## WHAT YOU ARE ASKED TO DO
What you produce should be every line from the data that includes "ezdxf".

─── EXCERPTED DATA

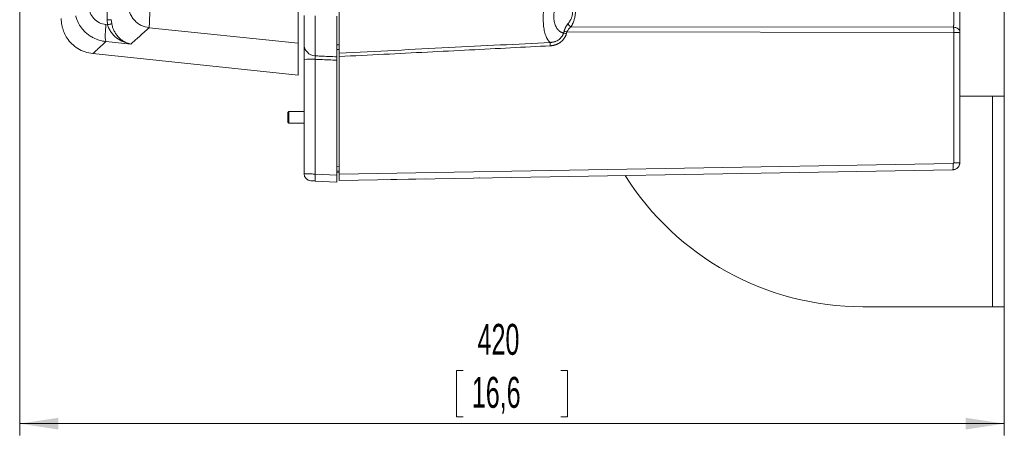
# Model space of a CAD drawing. Header units: millimetres. Extents: x 0 to 594, y 0 to 420.
# Tile 54 of 75: x 247 to 331, y 209 to 245. Entities that reach past the tile are written whole.
import ezdxf

# ---------------------------------------------------------------- set-up
doc = ezdxf.new("R2010")
doc.units = ezdxf.units.MM
doc.styles.add('SLDTEXTSTYLE1', font='TXT', dxfattribs={"width": 0.605})
doc.dimstyles.new('SLDDIMSTYLE1', dxfattribs={"dimtxt": 2.568319, "dimasz": 3.3, "dimexe": 0, "dimexo": 0.0625, "dimgap": 0.64208, "dimtad": 1, "dimdec": 0, "dimlfac": 5, "dimrnd": 1e-09, "dimzin": 12, "dimdsep": 46, "dimtxsty": 'SLDTEXTSTYLE1', "dimsah": 1, "dimcen": 0.09, "dimadec": 0, "dimazin": 3, "dimtfac": 1, "dimtdec": 1, "dimtofl": 0, "dimtmove": 0, "dimatfit": 3, "dimfxl": 0, "dimfrac": 2, "dimtolj": 1, "dimtzin": 12, "dimarcsym": 0})

# ---------------------------------------------------------------- blocks, each defined once
blk = doc.blocks.new('_D_6')
at = {"color": 7, "linetype": 'Continuous', "lineweight": 0}
for p, q in [((330.793, 372.004), (330.793, 209.104)), ((246.705, 327.56), (246.705, 209.104)), ((284.585, 214.636), (283.997, 214.636)), ((283.997, 214.636), (283.997, 210.692)), ((292.914, 214.636), (293.502, 214.636)), ((293.502, 214.636), (293.502, 210.692)), ((283.997, 210.692), (284.585, 210.692)), ((293.502, 210.692), (292.914, 210.692)), ((246.705, 210.104), (330.793, 210.104))]:
    blk.add_line(p, q, dxfattribs=at)
for points in [[(246.705, 210.104), (250.005, 209.604), (250.005, 210.604)], [(330.793, 210.104), (327.493, 210.604), (327.493, 209.604)]]:
    blk.add_solid(points, dxfattribs=at)
at = {"color": 7, "linetype": 'Continuous', "lineweight": 0, "char_height": 2.6458, "attachment_point": 1, "style": 'SLDTEXTSTYLE1'}
for s, insert in [('420', (285.81, 218.635)), ('16,6', (285.32, 214.103))]:
    blk.add_mtext(s, dxfattribs=dict(at, insert=insert))

msp = doc.modelspace()

# ---------------------------------------------------------------- linework, layer by layer
at = {"color": 7, "linetype": 'Continuous', "lineweight": 15}
for p, q in [((270.493, 246.632), (270.493, 242.633)), ((270.993, 242.54), (270.993, 245.003)), ((271.941, 244.967), (271.941, 241.558)), ((273.793, 241.477), (273.793, 244.964)), ((273.993, 241.791), (273.993, 245.289)), ((254.071, 244.231), (254.213, 244.217)), ((254.174, 244.634), (254.213, 244.217)), ((254.531, 244.653), (254.563, 244.305)), ((270.493, 242.633), (257.753, 243.963)), ((293.786, 244.036), (326.466, 244)), ((293.399, 243.456), (293.439, 243.601)), ((293.438, 243.601), (326.471, 243.548)), ((326.471, 232.42), (326.471, 243.548)), ((326.993, 232.419), (326.993, 243.553)), ((254.071, 242.777), (256.206, 242.57)), ((270.493, 242.633), (270.493, 239.904)), ((252.942, 241.749), (270.493, 239.904)), ((273.993, 241.499), (273.993, 231.446)), ((270.993, 231.474), (270.993, 241.259)), ((271.941, 241.262), (271.941, 231.45)), ((273.793, 231.353), (273.793, 241.183)), ((326.993, 238.104), (329.793, 238.104)), ((329.793, 220.104), (329.793, 238.104)), ((329.793, 238.104), (330.793, 238.104)), ((330.793, 220.104), (330.793, 238.104)), ((269.682, 236.804), (269.593, 236.715)), ((269.593, 236.715), (269.593, 235.893)), ((270.993, 236.804), (269.682, 236.804)), ((269.682, 236.804), (269.682, 235.804)), ((269.593, 235.893), (269.682, 235.804)), ((269.682, 235.804), (270.993, 235.804)), ((273.993, 231.446), (326.412, 232.36)), ((271.941, 231.45), (273.793, 231.353)), ((273.993, 231.704), (273.793, 231.715)), ((273.993, 231.624), (273.793, 231.624)), ((273.993, 230.904), (326.404, 231.819)), ((273.993, 230.904), (273.993, 231.446)), ((273.793, 230.757), (271.941, 230.855)), ((281.404, 231.034), (278.404, 230.981)), ((285.993, 231.114), (285.964, 231.113)), ((318.718, 220.104), (329.793, 220.104)), ((329.793, 220.104), (330.793, 220.104))]:
    msp.add_line(p, q, dxfattribs=at)
at = {"color": 8, "linetype": 'Continuous', "lineweight": 15}
for p, q in [((273.793, 242.51), (273.993, 242.499)), ((273.793, 242.103), (273.993, 242.103)), ((273.993, 232.105), (273.793, 232.115))]:
    msp.add_line(p, q, dxfattribs=at)
at = {"color": 7, "linetype": 'Continuous', "lineweight": 15}
for centre, radius, start, end in [((271.984, 242.548), 0.991, 180.46299, 267.52223), ((271.712, 175.039), 66.224, 89.80202, 90.62194), ((271.593, 231.474), 0.6, 180, 267), ((274.806, 231.152), 2.88, 174.06751, 185.93249), ((318.718, 244.104), 24, 212.18224, 270)]:
    msp.add_arc(centre, radius, start, end, dxfattribs=at)
for points, knots in [([(251.694, 298.208), (251.918, 295.6), (252.364, 290.401), (252.909, 282.598), (253.36, 274.814), (253.711, 267.078), (253.963, 259.476), (254.125, 252.008), (254.158, 247.089), (254.174, 244.634)], [0, 0, 0, 0, 0.146306, 0.291708, 0.437251, 0.582209, 0.724762, 0.862627, 1, 1, 1, 1]), ([(257.823, 246.623), (257.823, 246.461), (257.823, 246.137), (257.819, 245.72), (257.815, 245.377), (257.81, 245.098), (257.804, 244.844), (257.797, 244.617), (257.79, 244.415), (257.78, 244.221), (257.768, 244.047), (257.758, 243.992), (257.753, 243.963)], [0, 0, 0, 0, 0.124766, 0.249786, 0.330994, 0.41435, 0.49985, 0.578099, 0.661479, 0.749983, 0.866638, 1, 1, 1, 1]), ([(252.626, 245.798), (252.648, 245.605), (252.691, 245.217), (253.019, 244.717), (253.492, 244.349), (253.878, 244.27), (254.071, 244.231)], [0, 0, 0, 0, 0.24691, 0.496505, 0.748295, 1, 1, 1, 1]), ([(257.753, 243.963), (257.525, 244.012), (257.175, 244.089), (256.765, 244.352), (256.487, 244.606), (256.262, 244.91), (256.042, 245.345), (256.002, 245.702), (255.976, 245.934)], [0, 0, 0, 0, 0.240718, 0.368961, 0.499557, 0.630215, 0.758642, 1, 1, 1, 1]), ([(292.016, 242.706), (292.006, 242.713), (291.987, 242.728), (291.959, 242.753), (291.931, 242.779), (291.905, 242.807), (291.879, 242.837), (291.854, 242.868), (291.829, 242.9), (291.806, 242.935), (291.783, 242.97), (291.761, 243.007), (291.739, 243.045), (291.719, 243.085), (291.652, 243.22), (291.556, 243.486), (291.46, 243.948), (291.411, 244.482), (291.412, 244.923), (291.428, 245.22), (291.438, 245.363), (291.45, 245.508), (291.466, 245.655), (291.484, 245.803), (291.505, 245.953), (291.52, 246.053), (291.528, 246.103)], [0, 0, 0, 0, 0.0193887, 0.0385923, 0.0576119, 0.0764483, 0.0951024, 0.1135752, 0.1318678, 0.1499811, 0.1679163, 0.1856744, 0.2032565, 0.2206638, 0.2378976, 0.3756959, 0.5078774, 0.6433044, 0.7779036, 0.8090377, 0.8403486, 0.8718491, 0.9035521, 0.9354702, 0.9676154, 1, 1, 1, 1]), ([(293.158, 243.522), (293.148, 243.523), (293.128, 243.527), (293.099, 243.533), (293.064, 243.542), (293.023, 243.554), (292.958, 243.579), (292.875, 243.62), (292.776, 243.688), (292.679, 243.778), (292.589, 243.892), (292.507, 244.031), (292.434, 244.201), (292.38, 244.388), (292.344, 244.594), (292.329, 244.769), (292.325, 244.92), (292.328, 245.069), (292.342, 245.254), (292.367, 245.436), (292.392, 245.574), (292.412, 245.671), (292.431, 245.752), (292.446, 245.812), (292.454, 245.841), (292.457, 245.852)], [0, 0, 0, 0, 0.016301, 0.03259, 0.048864, 0.075097, 0.10265, 0.161264, 0.223559, 0.288686, 0.355987, 0.424773, 0.494463, 0.573137, 0.634344, 0.703134, 0.73687, 0.770016, 0.834117, 0.894467, 0.922794, 0.949713, 0.975388, 0.990897, 1, 1, 1, 1]), ([(293.541, 244.319), (293.549, 244.328), (293.564, 244.346), (293.587, 244.374), (293.61, 244.403), (293.633, 244.434), (293.656, 244.468), (293.687, 244.518), (293.727, 244.586), (293.775, 244.68), (293.82, 244.786), (293.861, 244.902), (293.901, 245.047), (293.924, 245.187), (293.933, 245.312), (293.932, 245.403), (293.925, 245.488), (293.912, 245.558), (293.897, 245.614), (293.881, 245.658), (293.868, 245.685), (293.862, 245.698)], [0, 0, 0, 0, 0.027128, 0.054105, 0.08097, 0.107763, 0.136934, 0.166448, 0.228634, 0.295728, 0.368329, 0.443892, 0.519388, 0.639554, 0.699602, 0.759647, 0.819405, 0.879646, 0.919395, 0.959426, 1, 1, 1, 1]), ([(293.786, 244.036), (293.793, 244.047), (293.807, 244.07), (293.829, 244.105), (293.849, 244.141), (293.868, 244.177), (293.887, 244.213), (293.905, 244.249), (293.922, 244.285), (293.938, 244.321), (293.954, 244.357), (294.002, 244.474), (294.072, 244.677), (294.141, 244.979), (294.177, 245.268), (294.177, 245.476), (294.166, 245.606), (294.157, 245.677), (294.145, 245.745), (294.128, 245.811), (294.115, 245.85), (294.108, 245.87)], [0, 0, 0, 0, 0.024918, 0.049264, 0.073026, 0.096195, 0.118767, 0.140742, 0.162127, 0.182926, 0.203142, 0.222775, 0.377324, 0.511454, 0.651276, 0.785504, 0.825746, 0.86735, 0.910283, 0.954514, 1, 1, 1, 1]), ([(326.466, 244.001), (326.466, 244.013), (326.466, 244.035), (326.467, 244.071), (326.468, 244.107), (326.468, 244.145), (326.469, 244.184), (326.469, 244.224), (326.469, 244.265), (326.47, 244.307), (326.47, 244.349), (326.47, 244.393), (326.471, 244.436), (326.471, 244.48), (326.471, 244.525), (326.471, 244.57), (326.472, 244.615), (326.472, 244.661), (326.472, 244.706), (326.472, 244.752), (326.472, 244.797), (326.472, 244.885), (326.472, 245.016), (326.472, 245.188), (326.471, 245.357), (326.47, 245.49), (326.469, 245.592), (326.468, 245.667), (326.467, 245.739), (326.466, 245.808), (326.465, 245.849), (326.465, 245.87)], [0, 0, 0, 0, 0.023549, 0.046971, 0.070262, 0.093426, 0.116467, 0.139389, 0.162192, 0.18488, 0.207453, 0.229913, 0.252262, 0.274499, 0.296627, 0.318644, 0.34055, 0.362345, 0.384028, 0.405598, 0.427055, 0.448399, 0.52928, 0.610997, 0.693549, 0.776933, 0.819529, 0.863119, 0.907716, 0.95334, 1, 1, 1, 1]), ([(326.993, 243.598), (326.993, 243.611), (326.993, 243.638), (326.993, 243.681), (326.993, 243.725), (326.993, 243.771), (326.993, 243.819), (326.993, 243.868), (326.993, 243.919), (326.993, 243.972), (326.993, 244.026), (326.993, 244.115), (326.993, 244.245), (326.993, 244.409), (326.993, 244.601), (326.993, 244.806), (326.993, 245.035), (326.993, 245.217), (326.993, 245.361), (326.993, 245.504), (326.993, 245.641), (326.993, 245.771), (326.993, 245.861), (326.993, 245.948), (326.993, 246.028), (326.993, 246.104), (326.993, 246.173), (326.993, 246.238), (326.993, 246.278), (326.993, 246.298)], [0, 0, 0, 0, 0.0195252, 0.0391678, 0.0589251, 0.0787941, 0.0987717, 0.1188549, 0.1390431, 0.1593373, 0.1797385, 0.2002474, 0.2583068, 0.3189549, 0.3689501, 0.449915, 0.5197267, 0.5914931, 0.6278202, 0.664224, 0.7364708, 0.7719867, 0.806908, 0.8390198, 0.8744393, 0.9058241, 0.9372125, 0.9686048, 1, 1, 1, 1]), ([(250.256, 244.757), (250.259, 244.642), (250.265, 244.388), (250.341, 243.98), (250.494, 243.524), (250.755, 243.042), (251.142, 242.572), (251.657, 242.166), (252.277, 241.861), (252.736, 241.785), (252.966, 241.746)], [0, 0, 0, 0, 0.078223, 0.171022, 0.279024, 0.402137, 0.539141, 0.687371, 0.842704, 1, 1, 1, 1]), ([(254.071, 244.231), (254.056, 244.059), (254.024, 243.702), (254.01, 243.226), (254.024, 242.879), (254.056, 242.81), (254.071, 242.777)], [0, 0, 0, 0, 0.240617, 0.5, 0.759383, 1, 1, 1, 1]), ([(254.174, 244.634), (254.218, 244.635), (254.309, 244.636), (254.424, 244.641), (254.507, 244.646), (254.523, 244.651), (254.531, 244.653)], [0, 0, 0, 0, 0.242207, 0.499808, 0.757515, 1, 1, 1, 1]), ([(254.213, 244.217), (254.256, 244.226), (254.346, 244.243), (254.458, 244.269), (254.539, 244.292), (254.555, 244.301), (254.563, 244.305)], [0, 0, 0, 0, 0.242407, 0.500063, 0.757685, 1, 1, 1, 1]), ([(254.213, 244.217), (254.25, 244.103), (254.325, 243.873), (254.578, 243.46), (254.994, 243.047), (255.576, 242.712), (255.995, 242.618), (256.206, 242.57)], [0, 0, 0, 0, 0.120693, 0.243482, 0.492689, 0.745626, 1, 1, 1, 1]), ([(254.563, 244.305), (254.581, 244.222), (254.619, 244.048), (254.717, 243.788), (254.854, 243.525), (255.034, 243.27), (255.258, 243.034), (255.491, 242.855), (255.732, 242.719), (255.961, 242.624), (256.127, 242.588), (256.206, 242.57)], [0, 0, 0, 0, 0.084668, 0.178168, 0.281785, 0.397163, 0.524993, 0.666694, 0.764832, 0.888284, 1, 1, 1, 1]), ([(257.753, 243.963), (257.455, 243.694), (256.859, 243.158), (256.423, 242.766), (256.206, 242.57)], [0, 0, 0, 0, 0.5007255, 1, 1, 1, 1]), ([(293.197, 243.667), (293.2, 243.678), (293.207, 243.7), (293.217, 243.733), (293.228, 243.766), (293.239, 243.799), (293.258, 243.851), (293.287, 243.919), (293.327, 244.004), (293.373, 244.088), (293.419, 244.16), (293.461, 244.221), (293.501, 244.272), (293.528, 244.303), (293.541, 244.319)], [0, 0, 0, 0, 0.042709, 0.085592, 0.128721, 0.172168, 0.216001, 0.333417, 0.453058, 0.581936, 0.713495, 0.808072, 0.903439, 1, 1, 1, 1]), ([(293.439, 243.601), (293.474, 243.689), (293.527, 243.773), (293.647, 243.92), (293.715, 243.984), (293.786, 244.036)], [0, 0, 0, 0, 0.5, 0.5, 1, 1, 1, 1]), ([(293.786, 244.036), (293.754, 244.05), (293.724, 244.069), (293.669, 244.11), (293.646, 244.133), (293.606, 244.179), (293.588, 244.205), (293.558, 244.261), (293.547, 244.29), (293.541, 244.319)], [0, 0, 0, 0, 0.25, 0.25, 0.5, 0.5, 0.75, 0.75, 1, 1, 1, 1]), ([(326.466, 244.001), (326.529, 244), (326.596, 243.991), (326.726, 243.95), (326.788, 243.919), (326.891, 243.841), (326.931, 243.794), (326.982, 243.696), (326.993, 243.645), (326.993, 243.598)], [0, 0, 0, 0, 0.25, 0.25, 0.5, 0.5, 0.75, 0.75, 1, 1, 1, 1]), ([(326.471, 243.548), (326.471, 243.56), (326.471, 243.584), (326.471, 243.62), (326.471, 243.655), (326.471, 243.691), (326.471, 243.726), (326.47, 243.76), (326.47, 243.794), (326.47, 243.827), (326.469, 243.859), (326.469, 243.89), (326.468, 243.92), (326.467, 243.948), (326.467, 243.975), (326.466, 243.992), (326.466, 244)], [0, 0, 0, 0, 0.070147, 0.140492, 0.211033, 0.281772, 0.352708, 0.42384, 0.49517, 0.566697, 0.638422, 0.710343, 0.782462, 0.854777, 0.92729, 1, 1, 1, 1]), ([(292.016, 242.706), (292.033, 242.706), (292.066, 242.708), (292.114, 242.712), (292.159, 242.717), (292.201, 242.724), (292.239, 242.731), (292.303, 242.744), (292.391, 242.768), (292.53, 242.82), (292.683, 242.899), (292.837, 243.014), (292.958, 243.139), (293.036, 243.248), (293.085, 243.334), (293.114, 243.397), (293.139, 243.459), (293.152, 243.501), (293.158, 243.522)], [0, 0, 0, 0, 0.0343254, 0.0666263, 0.0968565, 0.1249764, 0.1509521, 0.1747554, 0.2572785, 0.3315845, 0.4725973, 0.5997764, 0.7146709, 0.8190471, 0.8666478, 0.912646, 0.9570811, 1, 1, 1, 1]), ([(292.023, 242.42), (292.043, 242.421), (292.083, 242.423), (292.141, 242.43), (292.199, 242.438), (292.255, 242.447), (292.31, 242.459), (292.363, 242.472), (292.415, 242.487), (292.466, 242.503), (292.515, 242.521), (292.563, 242.54), (292.609, 242.559), (292.653, 242.58), (292.696, 242.602), (292.738, 242.625), (292.778, 242.648), (292.816, 242.673), (292.853, 242.697), (292.888, 242.723), (292.922, 242.749), (292.954, 242.775), (292.985, 242.801), (293.057, 242.866), (293.159, 242.976), (293.253, 243.113), (293.311, 243.221), (293.346, 243.3), (293.376, 243.378), (293.391, 243.43), (293.399, 243.456)], [0, 0, 0, 0, 0.032581, 0.06463, 0.096149, 0.12714, 0.157608, 0.187551, 0.216965, 0.245851, 0.274208, 0.302038, 0.329341, 0.356116, 0.382362, 0.408078, 0.433264, 0.457922, 0.482053, 0.505655, 0.528727, 0.551268, 0.573278, 0.594759, 0.710315, 0.815845, 0.864095, 0.910874, 0.956177, 1, 1, 1, 1]), ([(293.399, 243.456), (293.35, 243.469), (293.3, 243.483), (293.215, 243.506), (293.18, 243.516), (293.158, 243.522)], [0, 0, 0, 0, 0.5, 0.5, 1, 1, 1, 1]), ([(293.439, 243.601), (293.39, 243.614), (293.341, 243.628), (293.257, 243.65), (293.222, 243.66), (293.197, 243.667)], [0, 0, 0, 0, 0.5, 0.5, 1, 1, 1, 1]), ([(326.471, 243.548), (326.534, 243.548), (326.601, 243.548), (326.73, 243.549), (326.791, 243.549), (326.892, 243.55), (326.932, 243.55), (326.982, 243.551), (326.993, 243.552), (326.993, 243.553)], [0, 0, 0, 0, 0.25, 0.25, 0.5, 0.5, 0.75, 0.75, 1, 1, 1, 1]), ([(270.993, 241.259), (270.993, 241.405), (270.993, 241.697), (270.993, 242.087), (270.993, 242.383), (270.993, 242.504), (270.993, 242.536), (270.993, 242.54)], [0, 0, 0, 0, 0.242877, 0.485766, 0.728397, 0.970994, 1, 1, 1, 1]), ([(273.993, 241.791), (275.578, 241.871), (278.693, 242.026), (283.282, 242.258), (287.704, 242.484), (290.597, 242.633), (292.016, 242.706)], [0, 0, 0, 0, 0.263849, 0.518465, 0.763849, 1, 1, 1, 1]), ([(273.993, 241.499), (275.266, 241.563), (277.776, 241.689), (281.489, 241.877), (285.095, 242.061), (288.594, 242.242), (290.892, 242.361), (292.023, 242.42)], [0, 0, 0, 0, 0.211781, 0.417671, 0.617671, 0.811781, 1, 1, 1, 1]), ([(292.023, 242.42), (292.021, 242.454), (292.02, 242.487), (292.018, 242.533), (292.018, 242.547), (292.017, 242.573), (292.016, 242.585), (292.015, 242.621), (292.015, 242.643), (292.015, 242.681), (292.015, 242.696), (292.016, 242.706)], [0, 0, 0, 0, 0.25, 0.25, 0.375, 0.375, 0.5, 0.5, 0.75, 0.75, 1, 1, 1, 1]), ([(271.941, 241.558), (271.94, 241.557), (271.935, 241.55), (271.927, 241.523), (271.924, 241.454), (271.928, 241.364), (271.937, 241.296), (271.941, 241.262)], [0, 0, 0, 0, 0.029301, 0.27268, 0.51415, 0.756008, 1, 1, 1, 1]), ([(271.941, 241.558), (272.088, 241.552), (272.705, 241.524), (273.323, 241.498), (273.793, 241.477)], [0, 0, 0, 0, 0.237791, 1, 1, 1, 1]), ([(273.793, 241.477), (273.793, 241.467), (273.793, 241.447), (273.793, 241.378), (273.793, 241.288), (273.793, 241.218), (273.793, 241.183)], [0, 0, 0, 0, 0.246552, 0.493115, 0.739426, 1, 1, 1, 1]), ([(273.993, 241.499), (273.993, 241.534), (273.993, 241.568), (273.993, 241.633), (273.993, 241.663), (273.993, 241.716), (273.993, 241.739), (273.993, 241.774), (273.993, 241.786), (273.993, 241.792)], [0, 0, 0, 0, 0.25, 0.25, 0.5, 0.5, 0.75, 0.75, 1, 1, 1, 1]), ([(273.793, 241.183), (273.323, 241.203), (272.705, 241.229), (272.088, 241.256), (271.941, 241.262)], [0, 0, 0, 0, 0.762208, 1, 1, 1, 1]), ([(326.404, 231.819), (326.415, 231.819), (326.437, 231.82), (326.469, 231.824), (326.499, 231.828), (326.526, 231.834), (326.551, 231.84), (326.574, 231.847), (326.595, 231.854), (326.613, 231.861), (326.663, 231.881), (326.736, 231.922), (326.814, 231.988), (326.868, 232.05), (326.907, 232.107), (326.939, 232.167), (326.964, 232.229), (326.981, 232.292), (326.991, 232.356), (326.993, 232.398), (326.993, 232.419)], [0, 0, 0, 0, 0.036514, 0.070849, 0.103007, 0.132988, 0.160788, 0.186406, 0.20984, 0.231091, 0.250158, 0.382367, 0.499909, 0.575231, 0.649269, 0.722019, 0.793461, 0.86359, 0.932431, 1, 1, 1, 1]), ([(326.412, 232.36), (326.413, 232.303), (326.414, 232.24), (326.415, 232.114), (326.415, 232.05), (326.413, 231.94), (326.412, 231.894), (326.408, 231.834), (326.406, 231.819), (326.404, 231.819)], [0, 0, 0, 0, 0.25, 0.25, 0.5, 0.5, 0.75, 0.75, 1, 1, 1, 1]), ([(326.412, 232.36), (326.416, 232.361), (326.424, 232.361), (326.436, 232.365), (326.446, 232.371), (326.455, 232.379), (326.462, 232.388), (326.467, 232.397), (326.47, 232.405), (326.471, 232.413), (326.471, 232.418), (326.471, 232.42)], [0, 0, 0, 0, 0.1269659, 0.2501908, 0.3925204, 0.5001256, 0.6433605, 0.74995, 0.8483826, 0.9207617, 1, 1, 1, 1]), ([(326.471, 232.42), (326.54, 232.42), (326.609, 232.42), (326.736, 232.42), (326.793, 232.42), (326.89, 232.42), (326.928, 232.42), (326.98, 232.419), (326.993, 232.419), (326.993, 232.419)], [0, 0, 0, 0, 0.25, 0.25, 0.5, 0.5, 0.75, 0.75, 1, 1, 1, 1]), ([(271.941, 231.45), (271.829, 231.452), (271.606, 231.457), (271.315, 231.464), (271.103, 231.469), (271.005, 231.473), (270.996, 231.473), (270.993, 231.474)], [0, 0, 0, 0, 0.222287, 0.444655, 0.666919, 0.888942, 1, 1, 1, 1]), ([(273.793, 231.353), (273.793, 231.285), (273.793, 231.151), (273.793, 230.972), (273.793, 230.837), (273.793, 230.767), (273.793, 230.76), (273.793, 230.757)], [0, 0, 0, 0, 0.215706, 0.431426, 0.646825, 0.862092, 1, 1, 1, 1]), ([(271.562, 230.874), (271.563, 230.874), (271.566, 230.874), (271.606, 230.872), (271.691, 230.868), (271.807, 230.862), (271.896, 230.857), (271.941, 230.855)], [0, 0, 0, 0, 0.111006, 0.332936, 0.555167, 0.777587, 1, 1, 1, 1])]:
    msp.add_open_spline(points, degree=3, knots=knots, dxfattribs=at)
at = {"color": 8, "linetype": 'Continuous', "lineweight": 15}
for points, knots in [([(251.486, 244.993), (251.514, 244.884), (251.587, 244.6), (251.811, 244.174), (252.099, 243.787), (252.403, 243.49), (252.693, 243.267), (253.056, 243.056), (253.514, 242.866), (253.877, 242.808), (254.071, 242.777)], [0, 0, 0, 0, 0.093684, 0.242, 0.394712, 0.491853, 0.592594, 0.696905, 0.838211, 1, 1, 1, 1]), ([(254.071, 242.777), (253.873, 242.597), (253.478, 242.237), (253.127, 241.917), (252.947, 241.754), (252.961, 241.766), (252.965, 241.77)], [0, 0, 0, 0, 0.286208, 0.571894, 0.857331, 1, 1, 1, 1])]:
    msp.add_open_spline(points, degree=3, knots=knots, dxfattribs=at)
at = {"color": 7, "linetype": 'Continuous', "lineweight": 15}
for points in [[(293.158, 243.522), (293.171, 243.57), (293.184, 243.618), (293.197, 243.667)], [(326.993, 243.553), (326.993, 243.57), (326.993, 243.587), (326.993, 243.598)]]:
    msp.add_open_spline(points, degree=3, dxfattribs=at)

# ---------------------------------------------------------------- dimensions: what is measured, and where the dimension line sits
at = {"color": 7, "linetype": 'Continuous', "lineweight": 0}
dim = msp.add_linear_dim(base=(330.793, 210.104), p1=(246.705, 327.56), p2=(330.793, 372.004), dimstyle='SLDDIMSTYLE1', dxfattribs=at)
dim.commit()
dim.dimension.update_dxf_attribs({"geometry": '_D_6', "text_midpoint": (288.749, 210.104), "dimtype": 160})

doc.saveas('drawing.dxf')

──────

## TASK RESPONSE
import ezdxf
doc = ezdxf.new("R2010")
doc.units = ezdxf.units.MM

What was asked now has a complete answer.